Pack the cucumbers tight with with some dill on bottom and top.
Fill the jar with brine, keep your extra brine in the refrigerator to add to the jar as needed.
This is a fermentation process therefore gases will be produced. One might then correctly deduce that sealing tightly is a no-no to avoid making a pickle bomb. Cover with 3 layers of cheesecloth or a lid with valve. Some simply poke holes into a standard lid.
Leave on counter out of direct sunlight for a period of 1-3 days. This will allow the fermentation process to begin. The jar then goes into the fridge which will slow but not stop the fermentation process.

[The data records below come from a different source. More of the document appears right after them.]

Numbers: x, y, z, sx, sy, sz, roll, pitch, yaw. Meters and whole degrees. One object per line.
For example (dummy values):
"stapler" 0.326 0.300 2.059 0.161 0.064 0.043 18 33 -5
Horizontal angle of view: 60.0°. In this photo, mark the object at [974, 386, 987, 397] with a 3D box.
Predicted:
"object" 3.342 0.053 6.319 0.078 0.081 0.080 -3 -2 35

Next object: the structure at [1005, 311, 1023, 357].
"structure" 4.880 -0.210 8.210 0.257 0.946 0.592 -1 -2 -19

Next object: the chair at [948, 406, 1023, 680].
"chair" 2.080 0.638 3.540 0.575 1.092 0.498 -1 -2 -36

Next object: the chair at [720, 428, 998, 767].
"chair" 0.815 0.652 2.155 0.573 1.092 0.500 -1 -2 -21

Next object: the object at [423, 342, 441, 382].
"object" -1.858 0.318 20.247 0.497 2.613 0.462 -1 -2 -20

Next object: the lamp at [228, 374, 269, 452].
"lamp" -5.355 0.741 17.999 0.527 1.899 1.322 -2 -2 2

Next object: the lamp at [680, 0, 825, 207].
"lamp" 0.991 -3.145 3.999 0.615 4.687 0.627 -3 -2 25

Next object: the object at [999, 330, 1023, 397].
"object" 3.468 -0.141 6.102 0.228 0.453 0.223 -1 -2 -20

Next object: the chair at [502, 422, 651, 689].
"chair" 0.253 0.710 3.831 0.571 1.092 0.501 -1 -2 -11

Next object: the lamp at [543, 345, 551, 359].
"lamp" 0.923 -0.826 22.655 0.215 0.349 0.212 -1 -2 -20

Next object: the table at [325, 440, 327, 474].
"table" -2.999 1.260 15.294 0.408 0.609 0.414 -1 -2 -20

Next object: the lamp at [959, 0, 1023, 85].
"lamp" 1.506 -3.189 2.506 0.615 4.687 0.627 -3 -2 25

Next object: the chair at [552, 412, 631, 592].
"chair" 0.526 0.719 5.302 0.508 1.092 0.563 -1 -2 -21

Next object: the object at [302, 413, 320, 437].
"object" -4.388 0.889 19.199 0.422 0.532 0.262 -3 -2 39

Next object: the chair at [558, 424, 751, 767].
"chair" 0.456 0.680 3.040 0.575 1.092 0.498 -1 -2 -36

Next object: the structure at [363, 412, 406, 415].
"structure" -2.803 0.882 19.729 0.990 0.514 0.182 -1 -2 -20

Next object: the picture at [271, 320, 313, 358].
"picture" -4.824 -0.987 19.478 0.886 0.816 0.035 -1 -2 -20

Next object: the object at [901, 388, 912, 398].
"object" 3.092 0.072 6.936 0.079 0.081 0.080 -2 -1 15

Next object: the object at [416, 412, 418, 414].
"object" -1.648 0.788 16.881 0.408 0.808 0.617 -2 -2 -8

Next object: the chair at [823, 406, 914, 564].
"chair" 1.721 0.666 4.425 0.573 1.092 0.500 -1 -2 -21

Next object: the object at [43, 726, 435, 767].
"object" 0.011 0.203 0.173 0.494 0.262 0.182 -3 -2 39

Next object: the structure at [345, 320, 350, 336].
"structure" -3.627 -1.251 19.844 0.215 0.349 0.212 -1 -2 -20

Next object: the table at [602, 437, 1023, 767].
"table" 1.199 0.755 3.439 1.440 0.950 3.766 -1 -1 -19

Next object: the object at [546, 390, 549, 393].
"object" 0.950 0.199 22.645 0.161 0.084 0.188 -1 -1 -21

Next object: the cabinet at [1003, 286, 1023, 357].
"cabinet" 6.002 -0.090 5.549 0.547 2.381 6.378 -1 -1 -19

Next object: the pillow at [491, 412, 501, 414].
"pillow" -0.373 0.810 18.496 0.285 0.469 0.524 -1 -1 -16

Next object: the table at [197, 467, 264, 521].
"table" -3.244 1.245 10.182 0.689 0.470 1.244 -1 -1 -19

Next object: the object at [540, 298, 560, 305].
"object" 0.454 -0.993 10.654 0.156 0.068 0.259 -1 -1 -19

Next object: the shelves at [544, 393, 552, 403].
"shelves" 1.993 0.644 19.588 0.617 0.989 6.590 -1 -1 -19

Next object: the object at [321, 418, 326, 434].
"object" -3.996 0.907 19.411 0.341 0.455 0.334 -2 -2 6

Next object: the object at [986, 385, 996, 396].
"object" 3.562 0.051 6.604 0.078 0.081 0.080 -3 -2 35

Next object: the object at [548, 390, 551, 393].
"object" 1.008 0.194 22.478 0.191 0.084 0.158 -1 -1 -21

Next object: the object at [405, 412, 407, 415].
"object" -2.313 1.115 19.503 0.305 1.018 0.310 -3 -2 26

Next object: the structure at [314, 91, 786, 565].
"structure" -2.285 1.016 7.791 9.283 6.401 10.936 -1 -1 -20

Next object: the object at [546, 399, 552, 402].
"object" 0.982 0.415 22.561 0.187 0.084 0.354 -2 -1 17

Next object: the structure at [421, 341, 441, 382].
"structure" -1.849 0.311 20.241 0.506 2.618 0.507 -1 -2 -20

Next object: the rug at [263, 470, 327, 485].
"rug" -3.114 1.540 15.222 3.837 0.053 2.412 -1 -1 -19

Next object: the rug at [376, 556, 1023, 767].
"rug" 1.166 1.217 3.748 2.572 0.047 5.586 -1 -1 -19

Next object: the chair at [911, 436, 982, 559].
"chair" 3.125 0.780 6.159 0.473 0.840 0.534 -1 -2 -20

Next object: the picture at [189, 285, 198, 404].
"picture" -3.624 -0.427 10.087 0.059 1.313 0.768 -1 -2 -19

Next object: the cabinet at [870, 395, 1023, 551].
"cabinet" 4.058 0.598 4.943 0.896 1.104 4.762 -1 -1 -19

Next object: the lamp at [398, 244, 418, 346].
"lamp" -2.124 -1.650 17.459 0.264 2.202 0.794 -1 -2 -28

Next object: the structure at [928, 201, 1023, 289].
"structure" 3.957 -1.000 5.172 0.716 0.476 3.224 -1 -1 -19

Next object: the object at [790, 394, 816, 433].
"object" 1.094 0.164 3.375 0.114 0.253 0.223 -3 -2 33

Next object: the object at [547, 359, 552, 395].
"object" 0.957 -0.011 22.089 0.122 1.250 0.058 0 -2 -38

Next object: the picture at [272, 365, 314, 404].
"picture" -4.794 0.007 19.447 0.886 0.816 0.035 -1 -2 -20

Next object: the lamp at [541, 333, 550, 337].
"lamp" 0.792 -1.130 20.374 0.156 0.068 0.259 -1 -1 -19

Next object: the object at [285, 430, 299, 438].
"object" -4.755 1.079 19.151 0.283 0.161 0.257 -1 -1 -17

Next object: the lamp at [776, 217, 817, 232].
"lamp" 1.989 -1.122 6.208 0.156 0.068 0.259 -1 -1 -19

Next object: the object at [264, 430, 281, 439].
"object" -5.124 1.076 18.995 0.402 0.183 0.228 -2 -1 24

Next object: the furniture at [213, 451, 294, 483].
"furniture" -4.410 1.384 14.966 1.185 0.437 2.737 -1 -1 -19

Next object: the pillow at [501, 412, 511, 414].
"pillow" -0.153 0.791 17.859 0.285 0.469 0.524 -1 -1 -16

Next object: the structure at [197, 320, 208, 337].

- The timelines seem to be personal preference, how long you wish to wait, and how long you want them to keep. More upfront fermentation will result in less wait time but less keep time before they go mushy.
- Upfront countertop fermentation appears to create half-sours after 3 days.
- 1 day of fermentation will create “new pickles”. An additional 7-10 days in the fridge seem to be required for half sour.
- My own personal testing has led me to prefer 1 day on the counter then put into the fridge, and eat after 7-10 days. The pickles seem to get a more uniform flavor that way.
As fermentation continues make sure to remove any scum that may develop on the surface of the water. Additionally, if the brine turns cloudy this can indicate contamination. You should replace with fresh brine or discard that batch if this happens.
These pickles are full of flavor and crunch! They are the perfect addition to any sandwich or meal!